I picked it back up again, and after my father commented that I’m always helping people out maybe I should get a degree in that so someone would actually pay me for it, that I opted to switch my double major from English/History to English/Psychology. And it was okay. I finished it. Graduated. But psychology was too much science for me, and not enough about being with people. Not ground roots enough for me.

I had kids, and I think that’s where things really changed for me because I began to understand that I didn’t want any of this for my kids. If they had a passion, I wanted them to follow it, but in order for that to happen I had to SHOW them the way. I began to write more seriously. In the days when they napped it was pretty easy to keep at it.

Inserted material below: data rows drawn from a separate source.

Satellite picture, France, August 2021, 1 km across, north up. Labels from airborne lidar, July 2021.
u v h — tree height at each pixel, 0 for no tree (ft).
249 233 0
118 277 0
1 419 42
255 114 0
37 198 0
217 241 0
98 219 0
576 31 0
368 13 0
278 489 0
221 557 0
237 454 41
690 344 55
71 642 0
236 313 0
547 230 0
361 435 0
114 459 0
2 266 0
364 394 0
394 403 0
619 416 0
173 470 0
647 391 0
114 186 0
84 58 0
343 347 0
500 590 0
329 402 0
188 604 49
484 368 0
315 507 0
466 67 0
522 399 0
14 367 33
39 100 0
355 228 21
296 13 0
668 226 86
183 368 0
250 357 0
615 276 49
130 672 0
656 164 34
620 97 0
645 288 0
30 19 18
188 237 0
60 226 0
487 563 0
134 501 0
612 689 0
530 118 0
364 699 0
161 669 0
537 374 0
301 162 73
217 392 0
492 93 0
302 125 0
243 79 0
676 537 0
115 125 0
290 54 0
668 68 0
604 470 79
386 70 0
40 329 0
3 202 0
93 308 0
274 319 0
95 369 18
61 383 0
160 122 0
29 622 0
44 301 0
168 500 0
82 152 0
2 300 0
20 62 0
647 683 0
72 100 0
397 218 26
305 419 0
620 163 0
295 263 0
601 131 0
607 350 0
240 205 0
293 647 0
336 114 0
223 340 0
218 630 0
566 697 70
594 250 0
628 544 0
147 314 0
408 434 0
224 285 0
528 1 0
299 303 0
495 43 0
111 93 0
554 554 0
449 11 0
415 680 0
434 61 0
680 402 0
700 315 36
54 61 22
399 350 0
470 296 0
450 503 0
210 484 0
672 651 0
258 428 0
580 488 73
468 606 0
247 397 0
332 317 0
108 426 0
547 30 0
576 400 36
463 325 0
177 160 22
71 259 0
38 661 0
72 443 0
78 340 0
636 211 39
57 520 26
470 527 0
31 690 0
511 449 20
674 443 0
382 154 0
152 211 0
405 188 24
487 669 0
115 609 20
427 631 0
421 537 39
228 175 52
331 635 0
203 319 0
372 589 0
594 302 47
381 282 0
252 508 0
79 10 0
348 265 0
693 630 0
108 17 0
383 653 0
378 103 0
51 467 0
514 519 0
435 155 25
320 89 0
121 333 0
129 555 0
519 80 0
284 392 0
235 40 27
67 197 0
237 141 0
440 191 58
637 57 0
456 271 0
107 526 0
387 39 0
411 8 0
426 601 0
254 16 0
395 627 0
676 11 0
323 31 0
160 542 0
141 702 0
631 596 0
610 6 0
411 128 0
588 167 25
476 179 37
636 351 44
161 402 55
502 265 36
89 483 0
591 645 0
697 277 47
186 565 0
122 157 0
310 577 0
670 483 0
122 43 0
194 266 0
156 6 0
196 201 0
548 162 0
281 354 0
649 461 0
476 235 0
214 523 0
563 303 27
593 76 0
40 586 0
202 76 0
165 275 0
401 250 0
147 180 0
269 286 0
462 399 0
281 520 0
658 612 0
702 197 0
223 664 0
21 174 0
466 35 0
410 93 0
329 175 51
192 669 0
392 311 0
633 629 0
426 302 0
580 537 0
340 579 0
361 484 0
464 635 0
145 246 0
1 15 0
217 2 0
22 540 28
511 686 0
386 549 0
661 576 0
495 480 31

I got some stories published. I won an award for my editing. I raised some funds for charity. I made the short list for a short story award. I’m actually pretty good at this thing I love so much, this thing which keeps me going even in my darkest days. And the kids can see the books on the bookshelf to prove it. They can see the award sitting on my desk. More importantly they can see the fire in my eyes when I talk story, when I engage with their worlds, when I want to hear what’s going on in their heads.

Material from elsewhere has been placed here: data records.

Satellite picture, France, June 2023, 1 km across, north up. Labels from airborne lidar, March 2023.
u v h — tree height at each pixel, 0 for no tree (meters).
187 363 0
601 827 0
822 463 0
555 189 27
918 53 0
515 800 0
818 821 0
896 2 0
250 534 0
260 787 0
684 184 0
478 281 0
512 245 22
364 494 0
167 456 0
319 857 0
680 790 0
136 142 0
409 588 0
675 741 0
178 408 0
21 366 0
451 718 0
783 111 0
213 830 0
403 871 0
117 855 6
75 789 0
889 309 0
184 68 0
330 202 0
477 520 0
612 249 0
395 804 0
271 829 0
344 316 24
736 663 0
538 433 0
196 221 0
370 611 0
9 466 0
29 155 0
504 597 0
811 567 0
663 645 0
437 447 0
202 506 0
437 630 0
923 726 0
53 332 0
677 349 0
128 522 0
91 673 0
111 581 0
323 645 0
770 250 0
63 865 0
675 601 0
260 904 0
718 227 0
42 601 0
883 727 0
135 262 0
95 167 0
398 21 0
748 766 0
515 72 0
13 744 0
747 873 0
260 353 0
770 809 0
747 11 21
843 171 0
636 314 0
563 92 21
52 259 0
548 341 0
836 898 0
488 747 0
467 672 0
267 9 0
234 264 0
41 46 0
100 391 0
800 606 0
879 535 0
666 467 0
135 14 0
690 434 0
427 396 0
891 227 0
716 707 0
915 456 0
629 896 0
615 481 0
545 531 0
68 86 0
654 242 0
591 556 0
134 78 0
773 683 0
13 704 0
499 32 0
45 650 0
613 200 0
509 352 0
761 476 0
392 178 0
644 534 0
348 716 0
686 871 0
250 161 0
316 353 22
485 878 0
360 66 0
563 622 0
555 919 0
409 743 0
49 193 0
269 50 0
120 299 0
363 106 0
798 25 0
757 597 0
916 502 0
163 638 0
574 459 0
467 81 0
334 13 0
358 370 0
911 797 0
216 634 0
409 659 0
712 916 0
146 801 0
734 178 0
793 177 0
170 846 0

And then a few years ago I decided that I finally wanted to do something about becoming a counsellor for real. I started some training through Lifeline, but it was just after things started to go sour for Ivy at school, so as much as it crushed me I opted out of that – for all the right reasons if you ask me. However, it spurred me to enrol in Uni again and now three years later I am finished.

I can’t go out and work as a counsellor right now. I’m too busy home schooling after all 😉 But I have some invaluable tools, and I plan to do my Masters further down the track, and the kids have seen this example of their mother, following her passions, working hard, really hard, to achieve something. And the grin on my face, the pride shining in my eyes, that will stick with them. I can’t wait to attend graduation next year.

I want, so badly, for them to know that it’s okay to pursue their passions no matter what they are. I will never be the mother that says ‘no, that won’t make you any money’, or the one that says ‘you need a backup plan’, or any of the other lines I heard a million times. I’m going to be behind there, cheering them on, helping them make the right choices to get to their goals, and I know, without any doubt, that they’ll have this all figured out a whole lot earlier than I did. It doesn’t matter if they don’t earn a massive wage, because real happiness cannot be found in a large bank account statement.